Greek Merchant Ship Runs Aground in Australia Due to Violent Storms


A Greek-owned merchant ship, the 'Anikitos', has been stranded after being blown aground by Cyclone Megan in northern Australia.

The 55,700-deadweight-tonne bulker struck South32's loading wharf on remote Groote Eylandt in the Northern Territory on Monday. The incident occurred as Cyclone Megan battered the region with winds exceeding 100 kilometres per hour.

The Australian Maritime Safety Authority (AMSA) reported that the Greek-flagged 'Anikitos' was docked at the Alyangula wharf when the cyclone struck.
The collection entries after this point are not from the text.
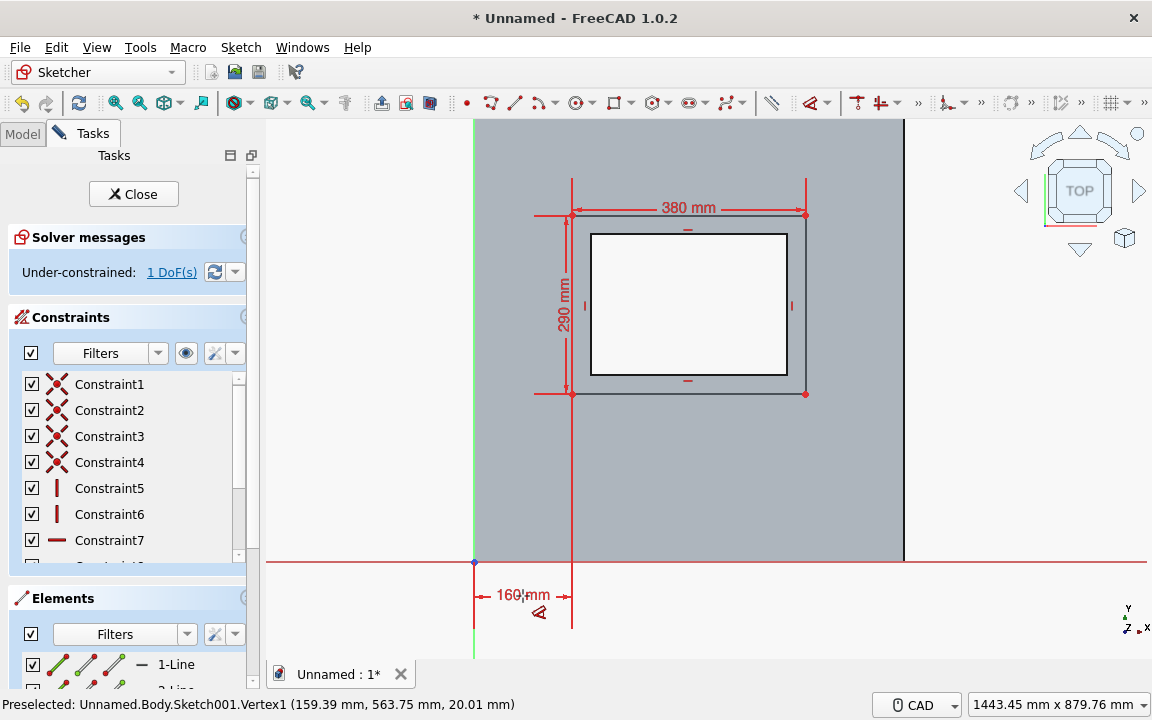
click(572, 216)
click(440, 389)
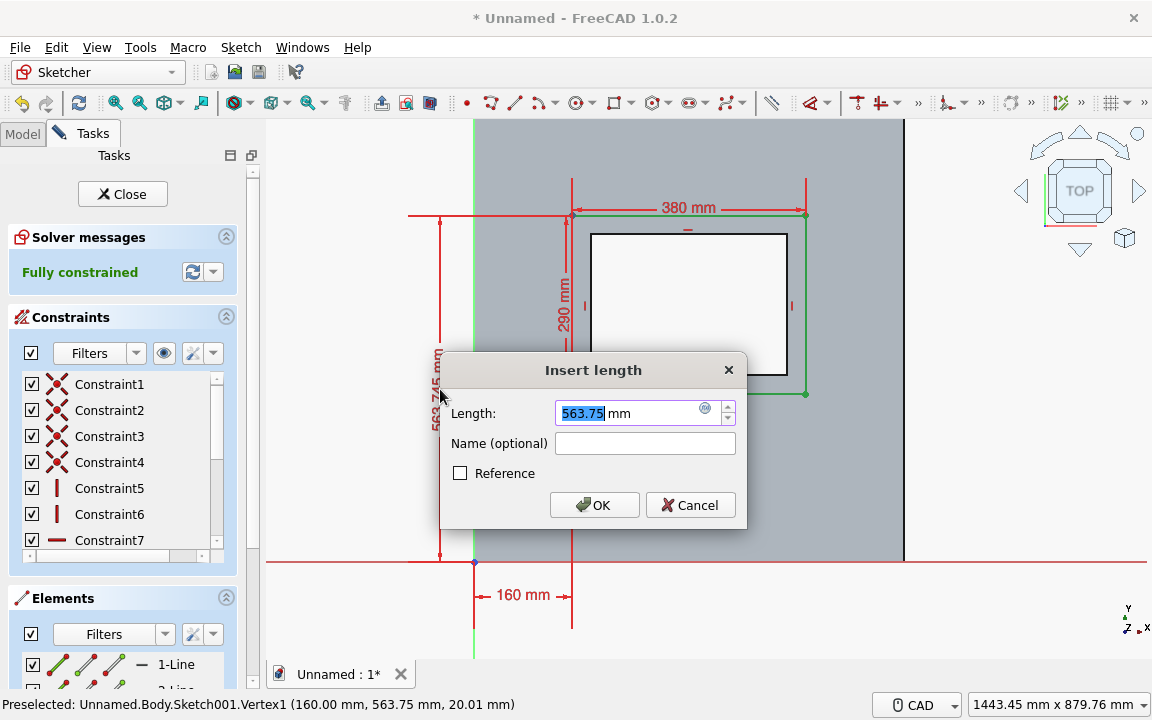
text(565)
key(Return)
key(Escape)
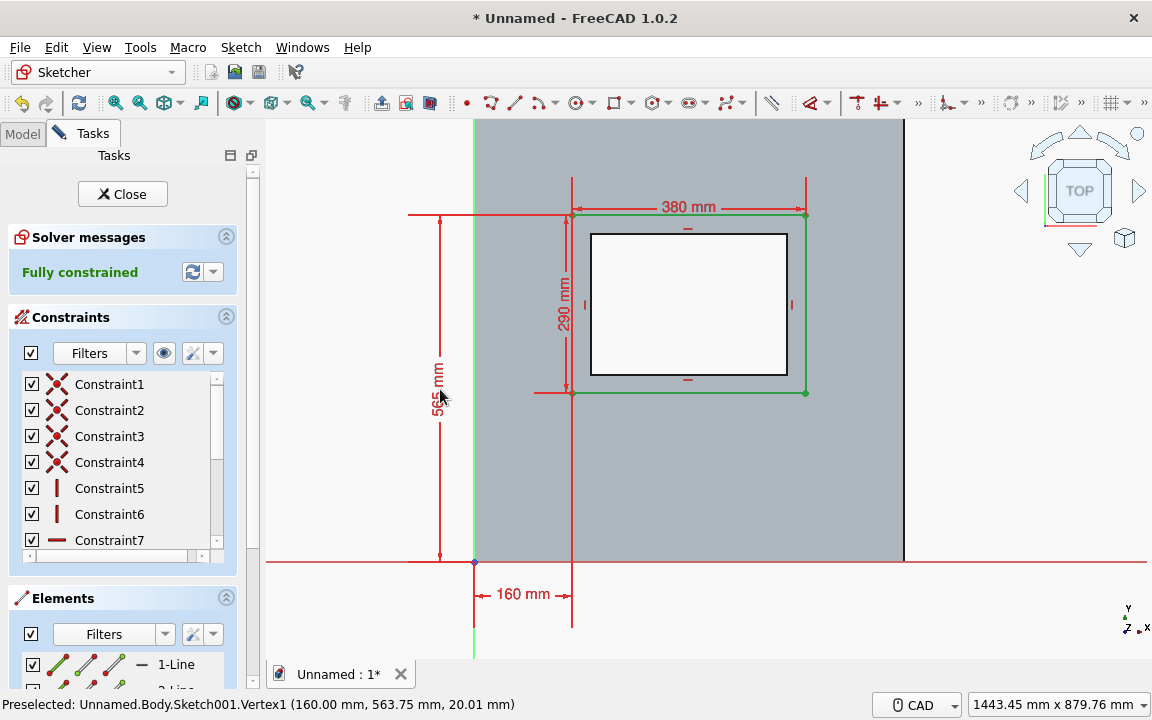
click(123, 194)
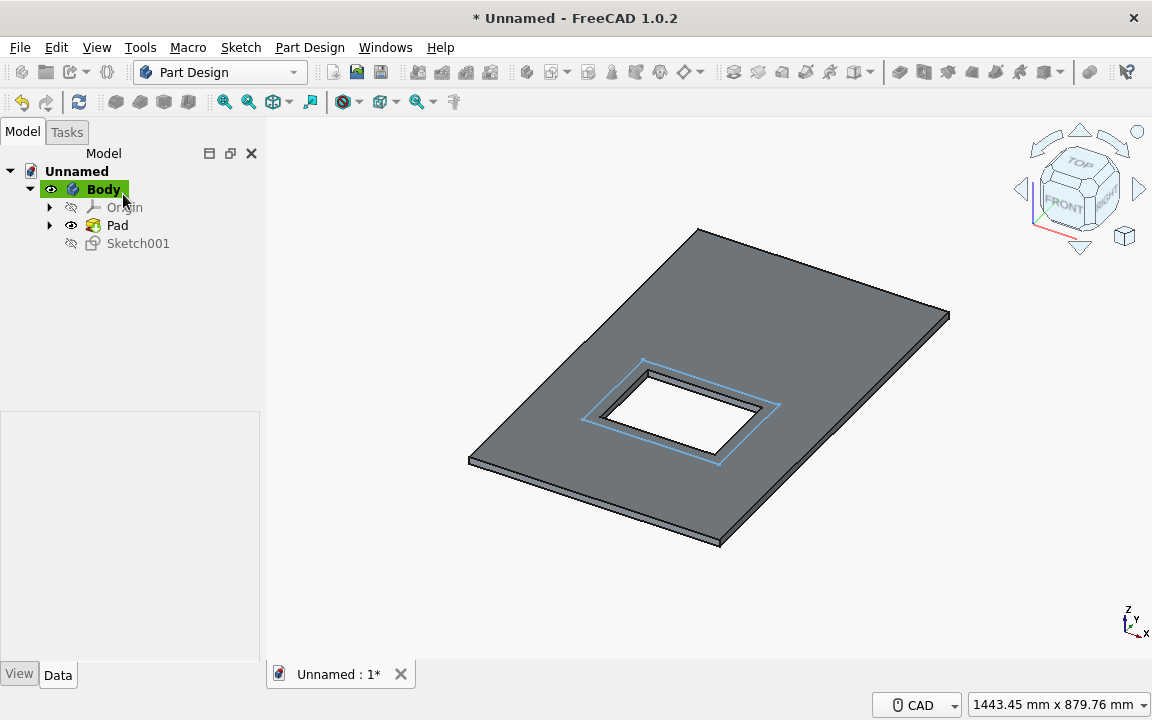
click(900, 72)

The vessel was carrying a significant cargo, including over 41,000 tonnes of manganese ore, fuel oil, and diesel.

AMSA is coordinating with the ship's owners and insurers to arrange tugboats to assist in moving the 'Anikitos' from the wharf to a secure anchorage.

South32, the owner of the loading wharf, has temporarily suspended operations at its Groote Eylandt Mining Company (GEMCO) due to cyclone damage. Initial assessments indicate structural damage to the wharf, but the full extent of the disruption to production remains unclear.

GEMCO is a major global producer of manganese ore, co-owned by South32 and Anglo American.

Cyclone Megan has also caused disruptions at other mining facilities. Trading giant Glencore reportedly evacuated workers from their Bing Bong loading facility on the Gulf of Carpentaria.

Authorities are assessing the full impact of the cyclone and working to restore normal operations across the affected regions.